Activity cliffs are formed by structurally analogous compounds with large potency variations and are highly relevant for the exploration of discontinuous structure-activity relationships and compound optimization. So far, activity cliffs have mostly been studied on a case-by-case basis or assessed by global statistical analysis. Different from previous investigations, we report a large-scale analysis of activity cliff formation with a strong focus on individual compound activity classes (target sets). Compound potency distributions were systematically analyzed and categorized, and structural relationships were dissected and visualized on a per-set basis. Our study uncovered target set-dependent interplay of potency distributions and structural relationships and revealed the presence of activity cliffs and origins of cliff formation in different structure-activity relationship environments.
Activity cliffs are formed by structurally similar (analogous)
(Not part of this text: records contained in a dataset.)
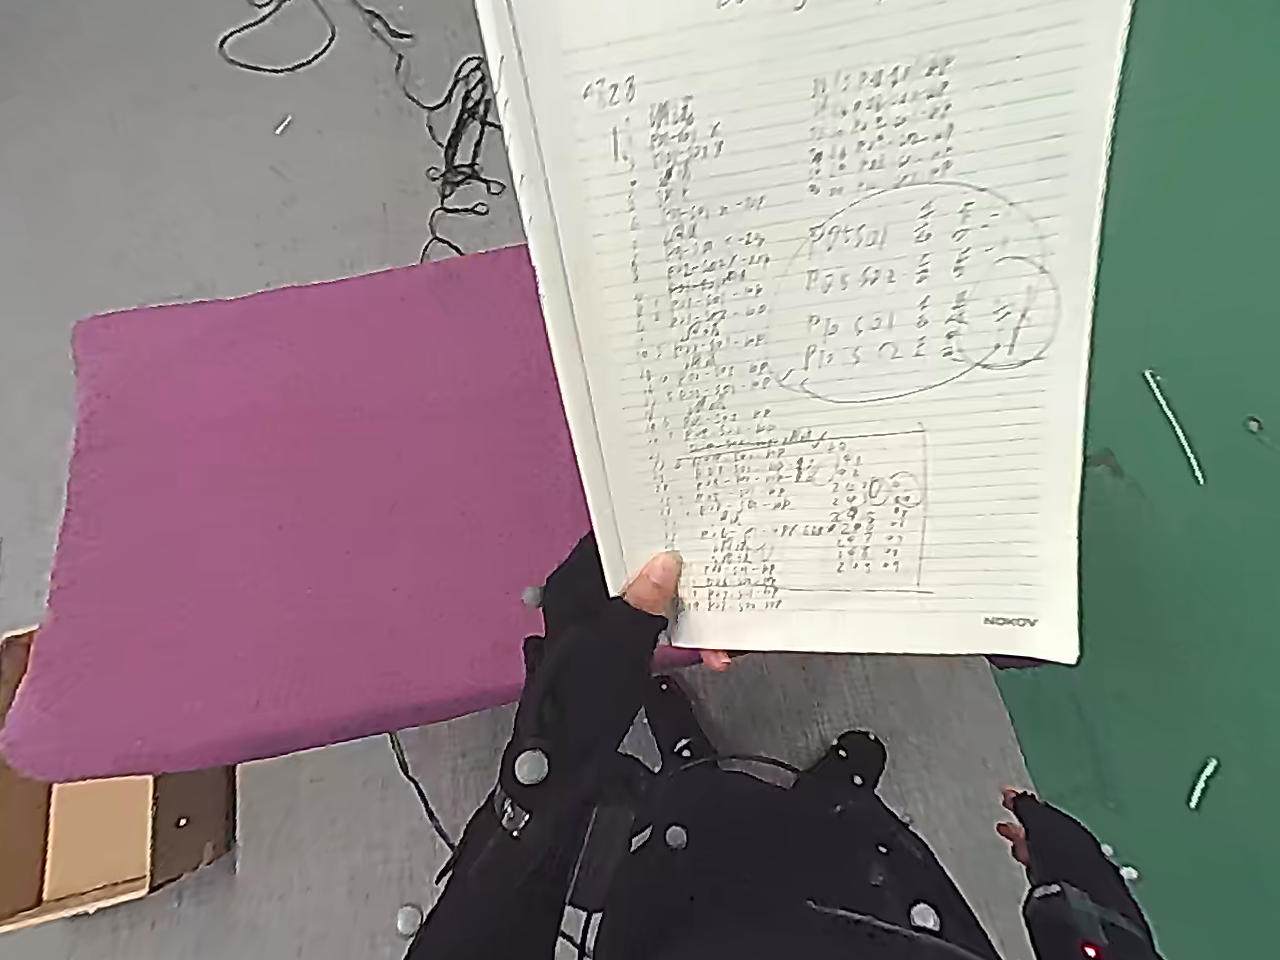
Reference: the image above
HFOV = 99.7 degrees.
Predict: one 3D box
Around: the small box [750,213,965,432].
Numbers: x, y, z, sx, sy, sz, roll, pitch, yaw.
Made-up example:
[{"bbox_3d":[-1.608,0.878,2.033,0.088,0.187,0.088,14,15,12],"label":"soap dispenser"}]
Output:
[{"bbox_3d":[0.231,-0.166,0.626,0.168,0.176,0.179,-10,73,2],"label":"small box"}]
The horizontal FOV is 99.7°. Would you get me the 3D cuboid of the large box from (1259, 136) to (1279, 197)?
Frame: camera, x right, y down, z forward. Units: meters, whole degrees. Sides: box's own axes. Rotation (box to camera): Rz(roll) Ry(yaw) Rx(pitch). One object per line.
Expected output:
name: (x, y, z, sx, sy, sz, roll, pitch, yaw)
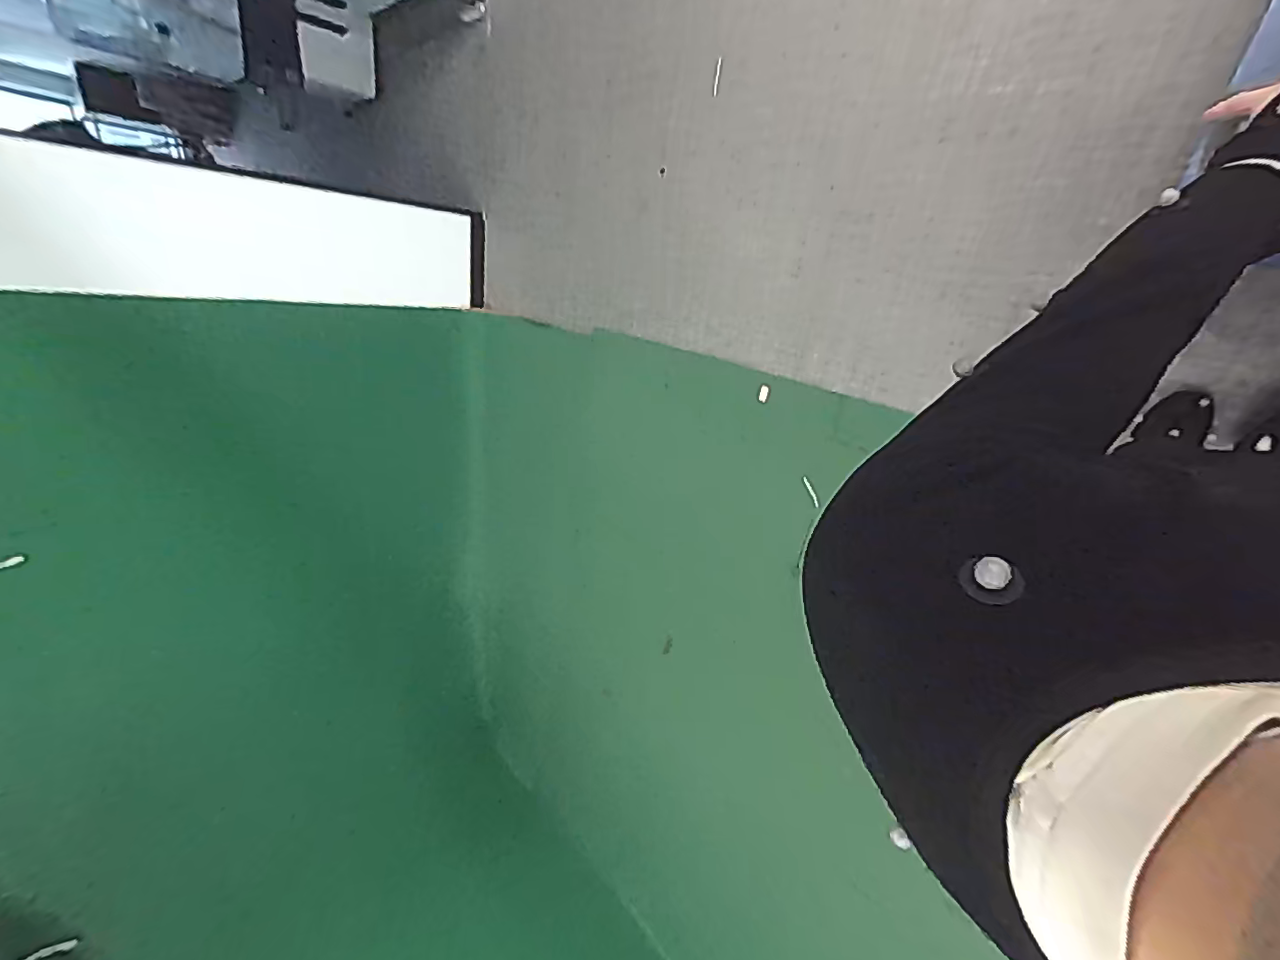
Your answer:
large box: (1.097, -0.591, 0.664, 0.320, 0.320, 0.408, 30, 118, 36)
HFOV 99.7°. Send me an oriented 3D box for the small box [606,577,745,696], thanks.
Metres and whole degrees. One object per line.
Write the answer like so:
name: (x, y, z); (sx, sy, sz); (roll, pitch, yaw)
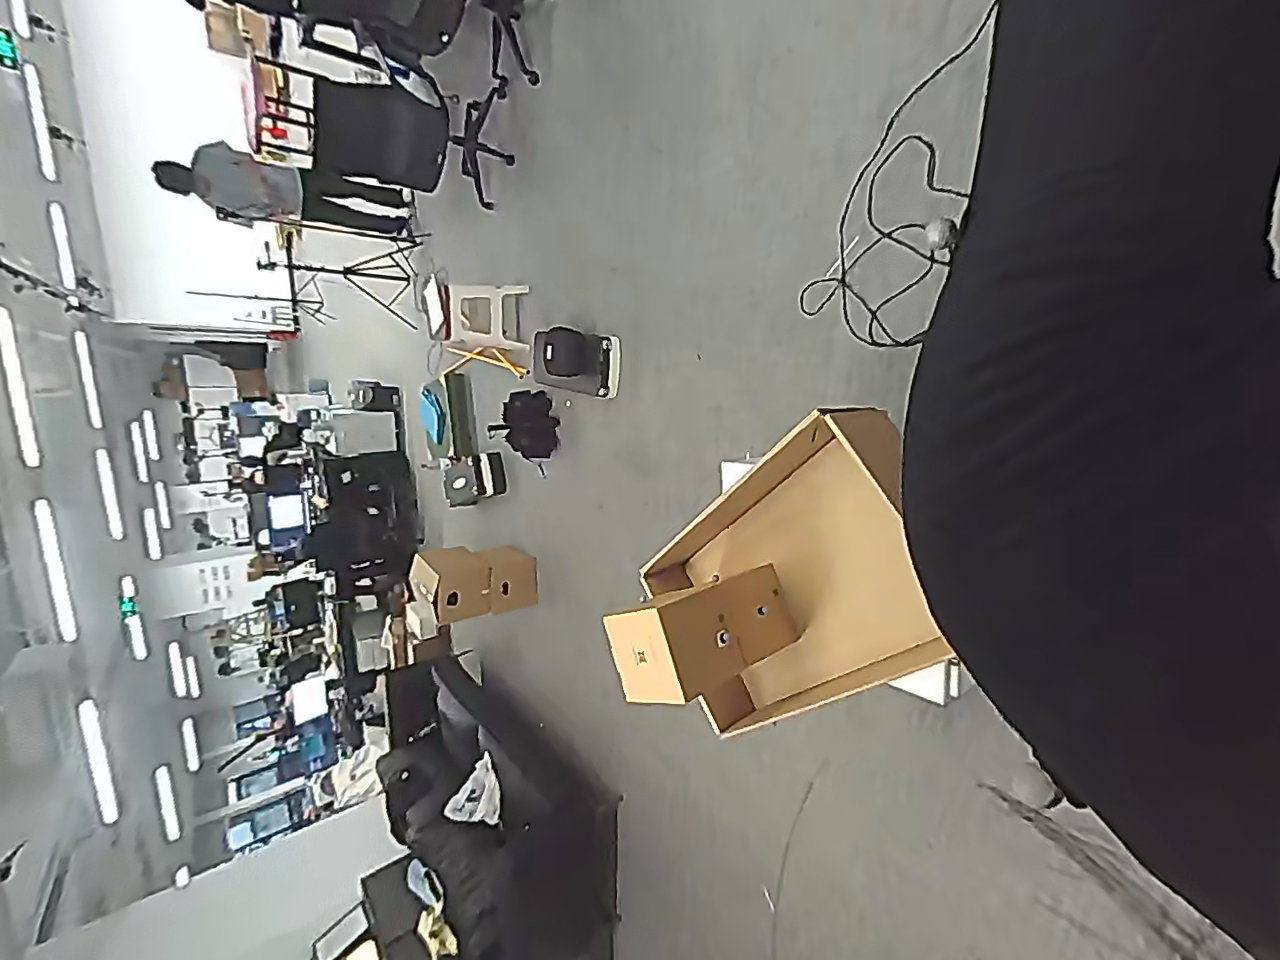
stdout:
small box: (0.067, 0.294, 1.025); (0.179, 0.176, 0.168); (-27, 79, 49)

active compounds with large differences in potency.[1−4] Because activity cliffs represent
small chemical changes having large biological activity effects, they
embody the pinnacle of structure–activity relationship (SAR)
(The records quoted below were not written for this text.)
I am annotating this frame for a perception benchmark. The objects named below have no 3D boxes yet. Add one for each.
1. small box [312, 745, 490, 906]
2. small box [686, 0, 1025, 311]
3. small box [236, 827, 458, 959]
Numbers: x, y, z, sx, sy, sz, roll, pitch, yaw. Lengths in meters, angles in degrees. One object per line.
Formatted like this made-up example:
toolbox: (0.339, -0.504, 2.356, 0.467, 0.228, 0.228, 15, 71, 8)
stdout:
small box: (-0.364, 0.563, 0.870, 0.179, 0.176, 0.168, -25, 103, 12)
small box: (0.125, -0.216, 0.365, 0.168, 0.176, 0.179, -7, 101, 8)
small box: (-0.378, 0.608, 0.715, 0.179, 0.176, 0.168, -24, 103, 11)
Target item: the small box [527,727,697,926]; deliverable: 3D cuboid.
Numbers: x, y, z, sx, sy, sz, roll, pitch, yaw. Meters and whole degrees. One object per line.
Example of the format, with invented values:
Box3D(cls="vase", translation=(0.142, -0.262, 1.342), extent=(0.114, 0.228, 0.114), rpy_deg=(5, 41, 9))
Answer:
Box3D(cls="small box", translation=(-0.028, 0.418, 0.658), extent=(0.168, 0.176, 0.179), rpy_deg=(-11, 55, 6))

discontinuity,[3] which is detrimental for
quantitative SAR predictions.[2] However,
discontinuous SARs and activity cliffs often reveal SAR determinants,
especially when encountered during early stages of compound optimization,
and thus provide viable information for medicinal chemistry.[3,4]For a consistent assessment of activity cliffs, similarity
and
potency difference criteria must be clearly defined.[3] On the basis of globally assessed potency range distributions
of pairs of active analogues, an at least 100-fold difference in potency
(on the basis of equilibrium constants, if available) has been proposed
and frequently been used as an activity cliff criterion.[4,5] The definition of activity cliffs also depends on the molecular
representations and similarity measures that are used.[4,6] Compound similarity for activity cliff definition can be quantified
in different ways, for example, by calculating Tanimoto similarity
on the basis of molecular fingerprint representations or by applying
substructure-based similarity criteria.[3,4] Numerical similarity
measures, such as the Tanimoto coefficient, yield a continuum of values,
and a threshold must be set for defining activity cliffs. By contrast,
substructure-based methods produce a binary readout, for example,
two compounds share the same core structure—and are classified
as similar—or they do not. In addition to comparing molecular
graph-based (two-dimensional) representations, activity cliffs have
also been determined in three dimensions by calculating the similarity
of experimental compound binding modes taken from complex X-ray structures.[7]For graph-based activity cliff definition,
substructure similarity
assessment is—in our experience—generally more consistent
than numerical similarity calculations and often easier to interpret
from a chemical perspective.[4] Among substructure-based
approaches, the matched molecular pair (MMP) concept[8,9] is particularly attractive for activity cliff definition. An MMP
is defined as a pair of compounds that are only distinguished by a
chemical modification at a single site.[8] This modification corresponds to the exchange of a pair of substructures,[8,9] which is termed a chemical transformation.[9] By introducing appropriate transformation size restrictions, the
formation of MMPs can be limited to structural analogues typically
generated during compound optimization.[10] Applying this similarity criterion yields a structurally conservative
and chemically intuitive definition of activity cliffs.[4,10] Moreover, transformation size-restricted MMPs can be efficiently
generated algorithmically,[9,10] hence enabling large-scale
analysis of activity cliff populations.In light of these considerations,
our preferred activity cliff
definition encompasses the formation of a transformation size-restricted
MMP by two compounds sharing the same biological activity that have
an at least 100-fold difference in potency.[4,10] Whenever
possible, potency differences are determined on the basis of (assay-independent)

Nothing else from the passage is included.